#### [EXERCISE REQUIREMENTS]
Please copy, with no word changed, only the run of lines that opens with the line containing "#9 whale figurine (468,51,549,126)" and closes with the last line below.

#### [LISTED RECORDS]
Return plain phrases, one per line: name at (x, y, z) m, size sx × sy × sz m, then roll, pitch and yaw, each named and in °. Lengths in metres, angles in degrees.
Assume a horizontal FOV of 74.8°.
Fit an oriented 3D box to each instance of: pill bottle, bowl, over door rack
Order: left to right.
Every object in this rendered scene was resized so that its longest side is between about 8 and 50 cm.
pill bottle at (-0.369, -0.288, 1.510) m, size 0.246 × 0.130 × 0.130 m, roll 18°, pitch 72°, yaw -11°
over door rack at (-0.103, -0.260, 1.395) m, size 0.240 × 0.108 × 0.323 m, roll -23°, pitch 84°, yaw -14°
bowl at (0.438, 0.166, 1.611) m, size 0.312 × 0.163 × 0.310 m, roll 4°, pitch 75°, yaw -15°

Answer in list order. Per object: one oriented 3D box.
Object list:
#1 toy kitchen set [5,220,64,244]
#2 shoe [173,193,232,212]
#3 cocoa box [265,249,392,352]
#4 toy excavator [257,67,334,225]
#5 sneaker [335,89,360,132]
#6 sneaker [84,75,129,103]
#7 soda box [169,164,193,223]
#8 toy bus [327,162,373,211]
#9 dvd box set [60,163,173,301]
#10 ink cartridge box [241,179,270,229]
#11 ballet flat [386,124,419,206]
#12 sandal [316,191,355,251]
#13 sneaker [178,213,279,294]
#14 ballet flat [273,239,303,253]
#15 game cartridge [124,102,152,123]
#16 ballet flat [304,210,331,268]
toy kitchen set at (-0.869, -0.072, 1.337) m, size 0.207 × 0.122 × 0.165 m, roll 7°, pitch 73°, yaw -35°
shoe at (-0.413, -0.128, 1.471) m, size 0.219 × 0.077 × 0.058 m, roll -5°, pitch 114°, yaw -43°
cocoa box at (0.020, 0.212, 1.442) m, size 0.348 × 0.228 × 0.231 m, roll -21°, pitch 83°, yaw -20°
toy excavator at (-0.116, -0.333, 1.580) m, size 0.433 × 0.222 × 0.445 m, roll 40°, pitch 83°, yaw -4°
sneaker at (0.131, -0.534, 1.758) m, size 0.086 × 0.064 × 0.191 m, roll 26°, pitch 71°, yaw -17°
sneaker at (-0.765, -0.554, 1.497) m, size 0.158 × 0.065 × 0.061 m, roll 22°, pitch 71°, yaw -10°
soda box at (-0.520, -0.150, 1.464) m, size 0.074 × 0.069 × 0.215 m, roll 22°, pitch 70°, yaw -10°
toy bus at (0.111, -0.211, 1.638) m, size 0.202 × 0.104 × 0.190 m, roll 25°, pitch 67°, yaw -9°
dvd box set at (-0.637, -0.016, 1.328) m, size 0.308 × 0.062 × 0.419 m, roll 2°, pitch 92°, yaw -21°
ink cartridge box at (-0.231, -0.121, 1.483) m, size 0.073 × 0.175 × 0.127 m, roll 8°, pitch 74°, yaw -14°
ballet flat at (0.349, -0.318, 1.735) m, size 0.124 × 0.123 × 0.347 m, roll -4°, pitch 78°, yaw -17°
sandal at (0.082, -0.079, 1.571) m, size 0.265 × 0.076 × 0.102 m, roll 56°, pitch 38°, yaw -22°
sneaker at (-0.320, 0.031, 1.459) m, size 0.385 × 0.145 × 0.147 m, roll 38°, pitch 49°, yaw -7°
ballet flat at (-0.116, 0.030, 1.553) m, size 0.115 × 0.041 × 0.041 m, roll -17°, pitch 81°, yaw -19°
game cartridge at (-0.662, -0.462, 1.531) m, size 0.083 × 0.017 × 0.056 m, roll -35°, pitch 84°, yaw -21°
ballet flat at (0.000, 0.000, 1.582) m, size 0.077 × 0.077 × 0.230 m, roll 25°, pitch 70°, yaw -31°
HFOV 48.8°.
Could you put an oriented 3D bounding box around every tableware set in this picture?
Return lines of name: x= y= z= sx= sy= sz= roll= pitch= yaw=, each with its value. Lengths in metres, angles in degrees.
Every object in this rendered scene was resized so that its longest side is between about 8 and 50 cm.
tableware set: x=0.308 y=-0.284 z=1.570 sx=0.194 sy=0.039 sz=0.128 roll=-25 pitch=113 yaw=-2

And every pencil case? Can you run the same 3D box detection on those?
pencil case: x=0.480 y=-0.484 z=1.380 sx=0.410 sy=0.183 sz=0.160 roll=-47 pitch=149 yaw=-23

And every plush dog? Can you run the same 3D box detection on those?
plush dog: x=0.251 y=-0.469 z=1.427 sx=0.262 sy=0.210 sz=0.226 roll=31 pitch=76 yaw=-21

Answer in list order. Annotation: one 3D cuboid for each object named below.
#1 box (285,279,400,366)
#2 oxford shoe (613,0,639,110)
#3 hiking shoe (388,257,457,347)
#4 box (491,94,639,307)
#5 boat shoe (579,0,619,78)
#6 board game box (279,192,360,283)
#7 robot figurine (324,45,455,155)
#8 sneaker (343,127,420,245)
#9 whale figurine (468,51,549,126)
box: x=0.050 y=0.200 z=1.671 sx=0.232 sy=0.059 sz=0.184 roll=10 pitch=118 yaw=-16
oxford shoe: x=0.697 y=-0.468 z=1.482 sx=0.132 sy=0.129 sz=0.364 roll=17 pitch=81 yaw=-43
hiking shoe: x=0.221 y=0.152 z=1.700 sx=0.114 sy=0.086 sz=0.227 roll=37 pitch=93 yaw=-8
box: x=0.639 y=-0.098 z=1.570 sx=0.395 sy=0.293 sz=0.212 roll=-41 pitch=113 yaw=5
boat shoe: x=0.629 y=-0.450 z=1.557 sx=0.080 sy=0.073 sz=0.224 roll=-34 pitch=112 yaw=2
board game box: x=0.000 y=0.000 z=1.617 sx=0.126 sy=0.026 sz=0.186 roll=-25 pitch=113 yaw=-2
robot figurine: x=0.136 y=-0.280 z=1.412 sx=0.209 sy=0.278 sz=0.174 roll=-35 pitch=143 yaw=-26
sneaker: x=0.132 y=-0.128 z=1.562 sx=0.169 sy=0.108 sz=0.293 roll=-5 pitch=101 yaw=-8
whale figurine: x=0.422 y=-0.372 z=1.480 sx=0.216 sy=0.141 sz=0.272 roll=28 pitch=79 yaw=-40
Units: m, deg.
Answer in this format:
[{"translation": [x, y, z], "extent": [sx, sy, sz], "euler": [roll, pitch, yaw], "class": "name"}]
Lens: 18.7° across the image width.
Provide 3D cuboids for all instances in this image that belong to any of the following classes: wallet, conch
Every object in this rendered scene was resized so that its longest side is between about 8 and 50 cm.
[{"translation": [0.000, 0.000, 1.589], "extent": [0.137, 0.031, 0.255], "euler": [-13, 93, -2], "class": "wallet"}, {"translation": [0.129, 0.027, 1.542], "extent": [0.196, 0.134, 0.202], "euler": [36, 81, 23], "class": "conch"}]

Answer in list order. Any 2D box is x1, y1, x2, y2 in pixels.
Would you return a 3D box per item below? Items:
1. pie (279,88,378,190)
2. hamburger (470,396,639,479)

#### [SOLUTION TO THIS TASK]
#9 whale figurine (468,51,549,126)
box: x=0.050 y=0.200 z=1.671 sx=0.232 sy=0.059 sz=0.184 roll=10 pitch=118 yaw=-16
oxford shoe: x=0.697 y=-0.468 z=1.482 sx=0.132 sy=0.129 sz=0.364 roll=17 pitch=81 yaw=-43
hiking shoe: x=0.221 y=0.152 z=1.700 sx=0.114 sy=0.086 sz=0.227 roll=37 pitch=93 yaw=-8
box: x=0.639 y=-0.098 z=1.570 sx=0.395 sy=0.293 sz=0.212 roll=-41 pitch=113 yaw=5
boat shoe: x=0.629 y=-0.450 z=1.557 sx=0.080 sy=0.073 sz=0.224 roll=-34 pitch=112 yaw=2
board game box: x=0.000 y=0.000 z=1.617 sx=0.126 sy=0.026 sz=0.186 roll=-25 pitch=113 yaw=-2
robot figurine: x=0.136 y=-0.280 z=1.412 sx=0.209 sy=0.278 sz=0.174 roll=-35 pitch=143 yaw=-26
sneaker: x=0.132 y=-0.128 z=1.562 sx=0.169 sy=0.108 sz=0.293 roll=-5 pitch=101 yaw=-8
whale figurine: x=0.422 y=-0.372 z=1.480 sx=0.216 sy=0.141 sz=0.272 roll=28 pitch=79 yaw=-40
Units: m, deg.
Answer in this format:
[{"translation": [x, y, z], "extent": [sx, sy, sz], "euler": [roll, pitch, yaw], "class": "name"}]
Lens: 18.7° across the image width.
Provide 3D cuboids for all instances in this image that belong to any of the following classes: wallet, conch
Every object in this rendered scene was resized so that its longest side is between about 8 and 50 cm.
[{"translation": [0.000, 0.000, 1.589], "extent": [0.137, 0.031, 0.255], "euler": [-13, 93, -2], "class": "wallet"}, {"translation": [0.129, 0.027, 1.542], "extent": [0.196, 0.134, 0.202], "euler": [36, 81, 23], "class": "conch"}]

Answer in list order. Any 2D box is x1, y1, x2, y2 in pixels.
Would you return a 3D box per item below? Items:
1. pie (279,88,378,190)
2. hamburger (470,396,639,479)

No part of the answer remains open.